Transferred Epithet Meaning
A transferred epithet is a little-known but frequently employed figure of speech in which a modifier (typically an adjective) qualifies a noun other than the person or object it is actually describing. In other words, the adjective or modifier that is meant to characterise one noun in the sentence gets shifted to another noun in the sentence.
Transferred Epithet Figure of Speech
As the name implies, a transferred epithet is a figure of speech created by transferring an epithet. An adjective or adverb that modifies a noun in a sentence—most often the subject—is referred to as an epithet. However, in order to create a transferred epithet, this epithet is moved from the noun it is truly intended to describe to another noun in the phrase (most likely the noun that replaces the object). For instance, the adjective memorable in the phrase “we had a memorable day” refers to people having a memorable experience rather than the day itself.

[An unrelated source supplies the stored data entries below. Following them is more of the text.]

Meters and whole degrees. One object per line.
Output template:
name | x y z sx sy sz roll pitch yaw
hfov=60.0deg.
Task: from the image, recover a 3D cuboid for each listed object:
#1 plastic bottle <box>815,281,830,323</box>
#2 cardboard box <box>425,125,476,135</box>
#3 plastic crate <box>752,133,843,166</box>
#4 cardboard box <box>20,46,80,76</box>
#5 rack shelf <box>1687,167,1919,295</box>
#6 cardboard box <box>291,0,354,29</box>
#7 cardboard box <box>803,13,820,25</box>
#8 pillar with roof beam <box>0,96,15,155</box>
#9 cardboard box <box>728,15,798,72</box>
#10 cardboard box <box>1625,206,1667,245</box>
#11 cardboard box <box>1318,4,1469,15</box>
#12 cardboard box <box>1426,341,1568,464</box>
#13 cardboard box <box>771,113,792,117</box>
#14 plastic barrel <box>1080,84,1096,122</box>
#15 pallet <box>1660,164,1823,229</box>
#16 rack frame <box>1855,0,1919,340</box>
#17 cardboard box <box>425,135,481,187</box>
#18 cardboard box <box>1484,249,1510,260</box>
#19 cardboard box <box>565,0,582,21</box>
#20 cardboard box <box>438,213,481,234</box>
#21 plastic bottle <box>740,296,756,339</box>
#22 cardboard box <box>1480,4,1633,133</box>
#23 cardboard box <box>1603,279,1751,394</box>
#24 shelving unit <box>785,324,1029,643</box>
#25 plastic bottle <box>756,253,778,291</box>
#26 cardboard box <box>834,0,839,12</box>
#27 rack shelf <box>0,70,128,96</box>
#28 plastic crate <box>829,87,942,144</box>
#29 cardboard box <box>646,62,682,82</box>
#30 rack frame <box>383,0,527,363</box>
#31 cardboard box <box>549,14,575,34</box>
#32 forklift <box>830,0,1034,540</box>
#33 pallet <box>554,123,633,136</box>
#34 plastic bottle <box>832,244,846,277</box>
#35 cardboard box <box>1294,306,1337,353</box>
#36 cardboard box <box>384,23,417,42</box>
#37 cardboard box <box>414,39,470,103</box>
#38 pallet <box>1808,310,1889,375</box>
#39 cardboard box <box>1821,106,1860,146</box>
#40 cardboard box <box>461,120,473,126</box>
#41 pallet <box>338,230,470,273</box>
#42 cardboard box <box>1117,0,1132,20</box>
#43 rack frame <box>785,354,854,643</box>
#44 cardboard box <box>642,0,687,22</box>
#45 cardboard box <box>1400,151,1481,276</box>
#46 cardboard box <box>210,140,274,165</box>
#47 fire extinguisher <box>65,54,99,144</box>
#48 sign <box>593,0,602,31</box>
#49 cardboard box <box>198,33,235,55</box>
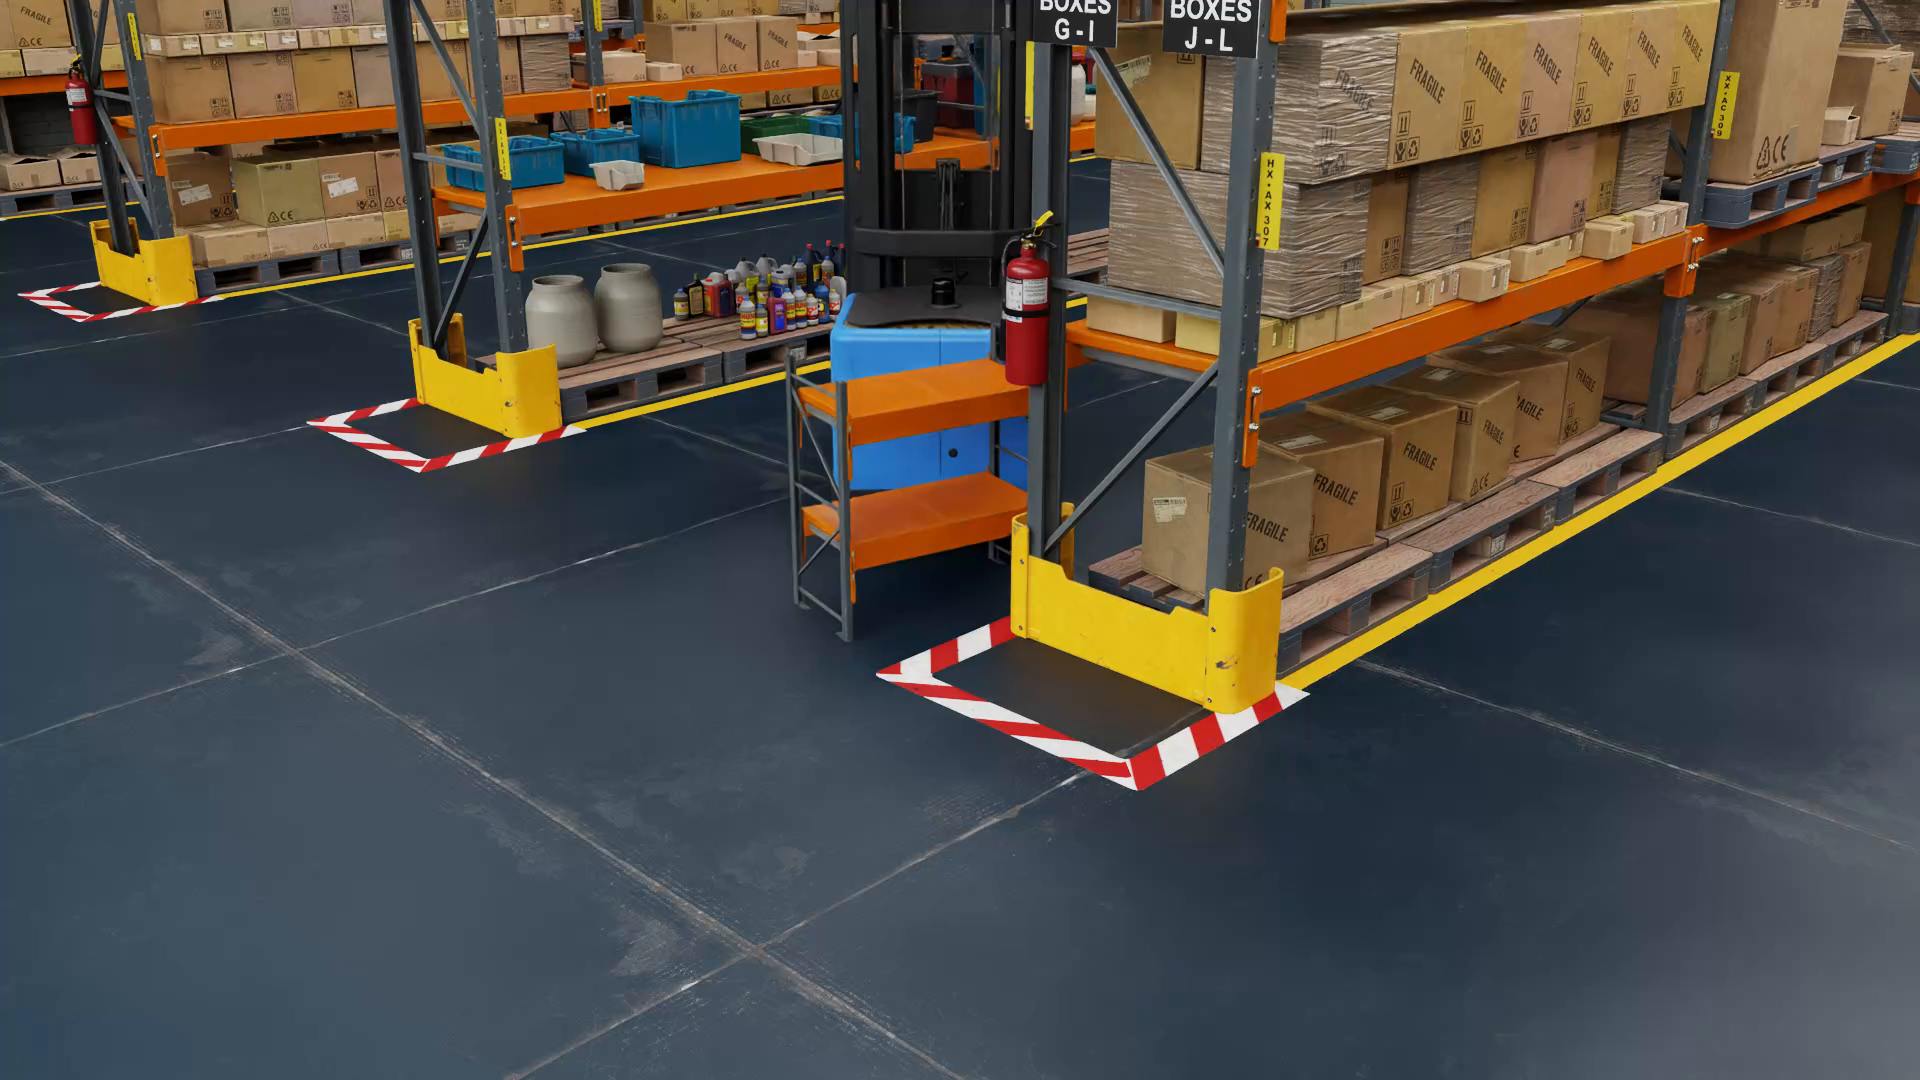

Let’s look up a few definitions in dictionaries to get a better understanding of what a transferred epithet is. A transferred epithet is created when “an adjective appropriate to one noun is attached to another by association,” according to the Oxford Dictionary of Literary Terms. An epithet is defined as “an adjective or phrase that is used to describe somebody’s/character something’s or most important quality, especially in order to give praise or criticism.” An epithet is described as “an adjective added to a person’s name or a phrase used instead of it, usually to criticize or commend them” by the Cambridge Dictionary.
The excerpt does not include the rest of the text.